Continuing the work with this analysis/synthesis technique we are implementing PARSHL on a Lisp Machine with an attached FPS AP120B array processor. We plan to study further its sound transformation possibilities and the use of PARSHL in conjunction with other analysis/synthesis techniques such as Linear Predictive Coding (LPC) .
The basic ``FFT processor'' at the heart of PARSHL provides a ready point of departure for many other STFT applications such as FIR filtering, speech coding, noise reduction, adaptive equalization, cross-synthesis, and many more. The basic parameter trade-offs discussed in this paper are universal across all of these applications.
Although PARSHL was designed to analyze piano recordings, it has proven very successful in extracting additive synthesis parameters for radically inharmonic sounds. It provides interesting effects when made to extract peak trajectories in signals which are not describable as sums of sinusoids (such as noise or ocean recordings). PARSHL has even demonstrated that speech can be intelligible after reducing it to only the three strongest sinusoidal components.

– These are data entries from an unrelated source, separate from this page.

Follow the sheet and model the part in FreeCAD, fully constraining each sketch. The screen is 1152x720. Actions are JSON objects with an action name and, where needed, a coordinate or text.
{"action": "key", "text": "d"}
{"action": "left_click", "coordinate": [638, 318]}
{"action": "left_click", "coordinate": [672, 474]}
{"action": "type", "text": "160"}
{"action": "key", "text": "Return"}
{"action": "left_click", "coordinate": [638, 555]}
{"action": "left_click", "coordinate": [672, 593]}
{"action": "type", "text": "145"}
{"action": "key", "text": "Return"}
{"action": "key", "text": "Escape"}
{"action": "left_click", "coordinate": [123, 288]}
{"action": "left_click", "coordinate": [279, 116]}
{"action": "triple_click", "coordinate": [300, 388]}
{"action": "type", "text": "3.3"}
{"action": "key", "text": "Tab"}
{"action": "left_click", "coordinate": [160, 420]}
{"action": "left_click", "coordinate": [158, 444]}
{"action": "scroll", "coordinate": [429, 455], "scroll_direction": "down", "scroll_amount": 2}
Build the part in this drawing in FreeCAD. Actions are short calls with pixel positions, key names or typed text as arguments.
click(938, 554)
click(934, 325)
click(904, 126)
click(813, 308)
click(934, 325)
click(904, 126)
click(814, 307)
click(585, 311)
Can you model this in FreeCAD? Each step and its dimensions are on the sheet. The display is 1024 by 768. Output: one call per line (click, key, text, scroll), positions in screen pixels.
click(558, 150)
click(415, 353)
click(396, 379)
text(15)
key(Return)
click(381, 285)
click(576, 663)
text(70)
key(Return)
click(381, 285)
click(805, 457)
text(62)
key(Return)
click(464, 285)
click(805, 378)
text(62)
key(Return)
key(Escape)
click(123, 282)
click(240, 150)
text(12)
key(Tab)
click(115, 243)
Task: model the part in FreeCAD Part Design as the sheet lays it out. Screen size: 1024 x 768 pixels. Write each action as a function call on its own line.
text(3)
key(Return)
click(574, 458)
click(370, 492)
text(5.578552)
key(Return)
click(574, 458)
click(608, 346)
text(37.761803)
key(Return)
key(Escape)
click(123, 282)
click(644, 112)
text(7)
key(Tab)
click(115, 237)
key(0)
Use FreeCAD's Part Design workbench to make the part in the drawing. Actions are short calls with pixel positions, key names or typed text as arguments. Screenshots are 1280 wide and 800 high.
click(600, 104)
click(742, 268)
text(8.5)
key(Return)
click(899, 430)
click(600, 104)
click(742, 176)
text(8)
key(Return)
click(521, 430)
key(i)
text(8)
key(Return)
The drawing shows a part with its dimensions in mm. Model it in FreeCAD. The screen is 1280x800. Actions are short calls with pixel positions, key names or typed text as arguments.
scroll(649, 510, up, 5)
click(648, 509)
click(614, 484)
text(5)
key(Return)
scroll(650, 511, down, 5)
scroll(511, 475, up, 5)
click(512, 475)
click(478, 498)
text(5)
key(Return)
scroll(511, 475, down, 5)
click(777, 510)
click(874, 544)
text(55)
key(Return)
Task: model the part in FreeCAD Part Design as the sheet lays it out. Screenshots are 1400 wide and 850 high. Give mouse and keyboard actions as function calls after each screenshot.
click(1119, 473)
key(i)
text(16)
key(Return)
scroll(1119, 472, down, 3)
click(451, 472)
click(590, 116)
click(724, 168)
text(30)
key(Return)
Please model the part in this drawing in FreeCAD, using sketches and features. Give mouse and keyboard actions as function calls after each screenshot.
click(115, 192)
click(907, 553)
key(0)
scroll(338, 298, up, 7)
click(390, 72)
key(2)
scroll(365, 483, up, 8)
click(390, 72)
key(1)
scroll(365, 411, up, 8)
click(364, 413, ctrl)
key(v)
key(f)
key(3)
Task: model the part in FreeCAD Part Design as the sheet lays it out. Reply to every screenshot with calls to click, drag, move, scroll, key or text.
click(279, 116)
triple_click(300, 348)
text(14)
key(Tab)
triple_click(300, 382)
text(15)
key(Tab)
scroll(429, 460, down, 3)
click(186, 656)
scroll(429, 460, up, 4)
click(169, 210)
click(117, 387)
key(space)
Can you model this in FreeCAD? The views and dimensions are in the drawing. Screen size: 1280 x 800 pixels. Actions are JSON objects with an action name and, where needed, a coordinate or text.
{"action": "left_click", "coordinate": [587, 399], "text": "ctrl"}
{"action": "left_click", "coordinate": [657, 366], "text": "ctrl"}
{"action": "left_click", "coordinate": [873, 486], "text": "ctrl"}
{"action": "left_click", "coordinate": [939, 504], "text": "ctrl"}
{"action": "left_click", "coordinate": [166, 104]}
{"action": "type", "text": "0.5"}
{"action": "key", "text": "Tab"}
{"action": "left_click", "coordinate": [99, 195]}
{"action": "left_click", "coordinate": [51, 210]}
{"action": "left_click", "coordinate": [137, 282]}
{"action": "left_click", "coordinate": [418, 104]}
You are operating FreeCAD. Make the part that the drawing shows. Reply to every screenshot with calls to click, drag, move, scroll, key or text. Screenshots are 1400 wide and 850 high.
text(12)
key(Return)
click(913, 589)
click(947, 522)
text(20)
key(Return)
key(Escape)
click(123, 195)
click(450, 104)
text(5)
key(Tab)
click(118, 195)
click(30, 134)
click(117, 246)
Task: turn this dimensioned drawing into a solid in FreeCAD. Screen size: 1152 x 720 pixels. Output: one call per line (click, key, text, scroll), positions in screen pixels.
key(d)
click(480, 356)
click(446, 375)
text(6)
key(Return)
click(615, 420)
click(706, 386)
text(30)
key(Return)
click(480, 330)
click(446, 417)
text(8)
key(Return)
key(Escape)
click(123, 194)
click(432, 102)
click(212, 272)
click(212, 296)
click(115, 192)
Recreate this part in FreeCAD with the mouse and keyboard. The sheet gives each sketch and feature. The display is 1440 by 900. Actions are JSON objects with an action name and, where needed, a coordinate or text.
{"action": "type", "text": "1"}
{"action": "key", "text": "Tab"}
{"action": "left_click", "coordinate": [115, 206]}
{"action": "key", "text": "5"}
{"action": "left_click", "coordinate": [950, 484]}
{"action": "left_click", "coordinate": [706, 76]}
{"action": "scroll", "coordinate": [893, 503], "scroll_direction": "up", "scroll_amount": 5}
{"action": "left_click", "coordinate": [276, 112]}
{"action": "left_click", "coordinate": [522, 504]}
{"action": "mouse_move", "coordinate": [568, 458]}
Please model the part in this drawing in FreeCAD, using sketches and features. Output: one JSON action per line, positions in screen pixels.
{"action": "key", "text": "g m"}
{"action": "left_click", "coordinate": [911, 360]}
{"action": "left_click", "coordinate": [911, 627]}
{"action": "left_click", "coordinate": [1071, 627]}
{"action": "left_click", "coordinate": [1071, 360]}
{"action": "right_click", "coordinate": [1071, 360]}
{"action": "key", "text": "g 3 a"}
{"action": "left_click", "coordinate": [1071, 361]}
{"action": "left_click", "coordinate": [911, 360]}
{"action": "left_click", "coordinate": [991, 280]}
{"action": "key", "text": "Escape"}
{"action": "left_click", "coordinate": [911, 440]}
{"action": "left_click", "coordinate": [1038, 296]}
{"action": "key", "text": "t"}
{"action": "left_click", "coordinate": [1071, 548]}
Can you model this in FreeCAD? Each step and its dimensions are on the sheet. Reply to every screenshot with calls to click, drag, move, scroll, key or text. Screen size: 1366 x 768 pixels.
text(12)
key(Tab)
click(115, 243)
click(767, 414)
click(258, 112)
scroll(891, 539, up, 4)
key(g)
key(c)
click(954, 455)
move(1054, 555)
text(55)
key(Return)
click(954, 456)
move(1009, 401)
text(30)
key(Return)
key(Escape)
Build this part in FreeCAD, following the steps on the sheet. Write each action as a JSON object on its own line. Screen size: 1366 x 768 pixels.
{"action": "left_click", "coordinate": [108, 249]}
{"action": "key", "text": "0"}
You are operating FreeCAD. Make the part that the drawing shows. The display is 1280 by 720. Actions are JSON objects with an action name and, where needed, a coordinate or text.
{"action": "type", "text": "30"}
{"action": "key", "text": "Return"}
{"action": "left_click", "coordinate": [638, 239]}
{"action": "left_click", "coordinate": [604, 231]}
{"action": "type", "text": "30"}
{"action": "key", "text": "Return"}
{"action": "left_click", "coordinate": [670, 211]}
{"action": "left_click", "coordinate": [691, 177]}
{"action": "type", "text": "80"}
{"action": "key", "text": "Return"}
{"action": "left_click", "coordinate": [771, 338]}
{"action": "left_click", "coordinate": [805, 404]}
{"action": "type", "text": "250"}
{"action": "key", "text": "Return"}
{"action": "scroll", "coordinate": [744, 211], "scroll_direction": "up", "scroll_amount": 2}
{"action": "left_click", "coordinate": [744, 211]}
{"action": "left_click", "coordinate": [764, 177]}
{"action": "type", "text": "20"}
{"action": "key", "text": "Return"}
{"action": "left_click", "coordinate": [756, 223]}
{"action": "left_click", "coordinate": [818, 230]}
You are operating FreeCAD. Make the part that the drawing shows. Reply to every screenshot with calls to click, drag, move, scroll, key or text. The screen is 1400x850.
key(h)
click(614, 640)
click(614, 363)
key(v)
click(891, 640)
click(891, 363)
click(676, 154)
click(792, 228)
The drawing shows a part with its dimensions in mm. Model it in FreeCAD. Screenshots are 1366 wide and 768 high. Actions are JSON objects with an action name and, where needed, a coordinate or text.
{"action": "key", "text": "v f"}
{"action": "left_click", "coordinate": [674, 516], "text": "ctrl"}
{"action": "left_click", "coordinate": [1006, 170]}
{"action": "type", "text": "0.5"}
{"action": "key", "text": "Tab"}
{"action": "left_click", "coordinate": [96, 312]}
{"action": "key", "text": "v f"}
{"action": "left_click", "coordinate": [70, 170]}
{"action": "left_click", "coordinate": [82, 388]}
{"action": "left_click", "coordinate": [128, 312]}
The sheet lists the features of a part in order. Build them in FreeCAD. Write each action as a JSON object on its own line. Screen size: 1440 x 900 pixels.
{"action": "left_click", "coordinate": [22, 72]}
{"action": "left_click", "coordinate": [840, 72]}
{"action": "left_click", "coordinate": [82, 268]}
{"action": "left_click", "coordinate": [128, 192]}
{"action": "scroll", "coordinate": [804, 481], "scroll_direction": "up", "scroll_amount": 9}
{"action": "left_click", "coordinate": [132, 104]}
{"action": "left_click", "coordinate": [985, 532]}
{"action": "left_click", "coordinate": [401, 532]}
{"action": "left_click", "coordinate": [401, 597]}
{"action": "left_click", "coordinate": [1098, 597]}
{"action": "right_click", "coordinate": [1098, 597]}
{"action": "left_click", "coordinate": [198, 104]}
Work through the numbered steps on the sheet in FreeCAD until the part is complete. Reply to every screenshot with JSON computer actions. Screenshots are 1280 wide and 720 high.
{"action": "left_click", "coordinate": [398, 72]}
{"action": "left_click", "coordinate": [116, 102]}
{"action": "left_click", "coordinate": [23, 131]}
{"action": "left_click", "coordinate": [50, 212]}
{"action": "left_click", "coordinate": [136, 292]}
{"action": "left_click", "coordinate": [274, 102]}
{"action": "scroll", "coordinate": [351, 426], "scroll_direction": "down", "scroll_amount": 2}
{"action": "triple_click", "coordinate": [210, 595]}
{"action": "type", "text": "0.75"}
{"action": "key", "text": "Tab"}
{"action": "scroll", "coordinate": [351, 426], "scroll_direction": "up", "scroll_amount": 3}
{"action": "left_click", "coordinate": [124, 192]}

The surprising success of additive synthesis from spectral peaks suggests a close connection with audio perception. Perhaps timbre perception is based on data reduction in the brain similar to that carried out by PARSHL. This data reduction goes beyond what is provided by critical-band masking. Perhaps a higher-level theory of ``timbral masking'' or ``main feature dominance'' is appropriate, wherein the principal spectral features serve to define the timbre, masking lower-level (though unmasked) structure. The lower-level features would have to be restricted to qualitatively similar behavior in order that they be ``implied'' by the louder features. Another point of view is that the spectral peaks are analogous to the outlines of figures in a picture--they capture enough of the perceptual cues to trigger the proper percept; memory itself may then serve to fill in the implied spectral features (at least for a time).
Techniques such as PARSHL provide a powerful analysis tool toward extracting signal parameters matched to the characteristics of hearing. Such an approach is perhaps the best single way to obtain cost-effective, analysis-based synthesis of any sound.